Work required: The reply must repeat each entry exactly and contain no pictures.

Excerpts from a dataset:
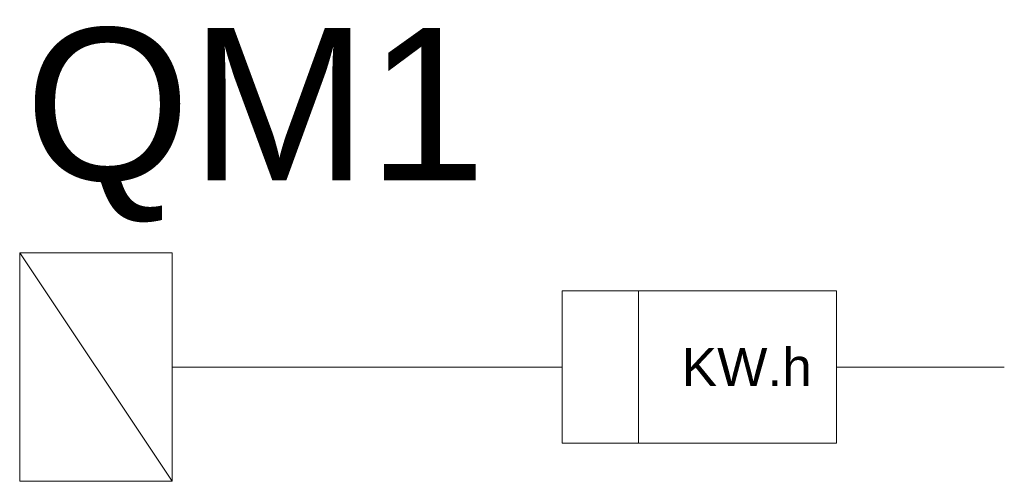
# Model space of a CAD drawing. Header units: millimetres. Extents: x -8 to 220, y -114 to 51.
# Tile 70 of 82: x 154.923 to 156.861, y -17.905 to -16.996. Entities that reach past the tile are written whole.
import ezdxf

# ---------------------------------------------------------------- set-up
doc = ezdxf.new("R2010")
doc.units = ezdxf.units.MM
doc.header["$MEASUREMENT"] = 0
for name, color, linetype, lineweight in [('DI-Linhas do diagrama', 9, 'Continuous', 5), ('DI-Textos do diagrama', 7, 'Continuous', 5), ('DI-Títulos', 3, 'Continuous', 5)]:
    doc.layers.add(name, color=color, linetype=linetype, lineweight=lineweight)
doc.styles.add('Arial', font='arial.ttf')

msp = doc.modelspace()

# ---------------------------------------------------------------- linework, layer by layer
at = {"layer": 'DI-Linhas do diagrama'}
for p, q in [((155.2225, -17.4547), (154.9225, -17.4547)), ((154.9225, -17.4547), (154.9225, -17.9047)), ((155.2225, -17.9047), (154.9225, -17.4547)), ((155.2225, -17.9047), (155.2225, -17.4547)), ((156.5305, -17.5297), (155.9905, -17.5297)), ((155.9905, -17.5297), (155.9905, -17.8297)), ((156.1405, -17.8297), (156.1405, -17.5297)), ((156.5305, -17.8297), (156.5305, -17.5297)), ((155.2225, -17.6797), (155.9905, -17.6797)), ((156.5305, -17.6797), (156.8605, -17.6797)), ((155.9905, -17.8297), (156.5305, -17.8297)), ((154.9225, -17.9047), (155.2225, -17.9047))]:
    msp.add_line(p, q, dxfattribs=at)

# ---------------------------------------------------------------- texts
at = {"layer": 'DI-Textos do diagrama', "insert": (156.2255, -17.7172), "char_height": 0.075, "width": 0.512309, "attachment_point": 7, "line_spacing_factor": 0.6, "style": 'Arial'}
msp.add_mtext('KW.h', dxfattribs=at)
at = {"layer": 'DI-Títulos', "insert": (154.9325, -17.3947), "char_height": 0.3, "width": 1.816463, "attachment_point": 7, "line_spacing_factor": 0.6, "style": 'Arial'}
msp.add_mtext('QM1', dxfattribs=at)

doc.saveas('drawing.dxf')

Solution for this task:
# Model space of a CAD drawing. Header units: millimetres. Extents: x -8 to 220, y -114 to 51.
# Tile 70 of 82: x 154.923 to 156.861, y -17.905 to -16.996. Entities that reach past the tile are written whole.
import ezdxf

# ---------------------------------------------------------------- set-up
doc = ezdxf.new("R2010")
doc.units = ezdxf.units.MM
doc.header["$MEASUREMENT"] = 0
for name, color, linetype, lineweight in [('DI-Linhas do diagrama', 9, 'Continuous', 5), ('DI-Textos do diagrama', 7, 'Continuous', 5), ('DI-Títulos', 3, 'Continuous', 5)]:
    doc.layers.add(name, color=color, linetype=linetype, lineweight=lineweight)
doc.styles.add('Arial', font='arial.ttf')

msp = doc.modelspace()

# ---------------------------------------------------------------- linework, layer by layer
at = {"layer": 'DI-Linhas do diagrama'}
for p, q in [((155.2225, -17.4547), (154.9225, -17.4547)), ((154.9225, -17.4547), (154.9225, -17.9047)), ((155.2225, -17.9047), (154.9225, -17.4547)), ((155.2225, -17.9047), (155.2225, -17.4547)), ((156.5305, -17.5297), (155.9905, -17.5297)), ((155.9905, -17.5297), (155.9905, -17.8297)), ((156.1405, -17.8297), (156.1405, -17.5297)), ((156.5305, -17.8297), (156.5305, -17.5297)), ((155.2225, -17.6797), (155.9905, -17.6797)), ((156.5305, -17.6797), (156.8605, -17.6797)), ((155.9905, -17.8297), (156.5305, -17.8297)), ((154.9225, -17.9047), (155.2225, -17.9047))]:
    msp.add_line(p, q, dxfattribs=at)

# ---------------------------------------------------------------- texts
at = {"layer": 'DI-Textos do diagrama', "insert": (156.2255, -17.7172), "char_height": 0.075, "width": 0.512309, "attachment_point": 7, "line_spacing_factor": 0.6, "style": 'Arial'}
msp.add_mtext('KW.h', dxfattribs=at)
at = {"layer": 'DI-Títulos', "insert": (154.9325, -17.3947), "char_height": 0.3, "width": 1.816463, "attachment_point": 7, "line_spacing_factor": 0.6, "style": 'Arial'}
msp.add_mtext('QM1', dxfattribs=at)

doc.saveas('drawing.dxf')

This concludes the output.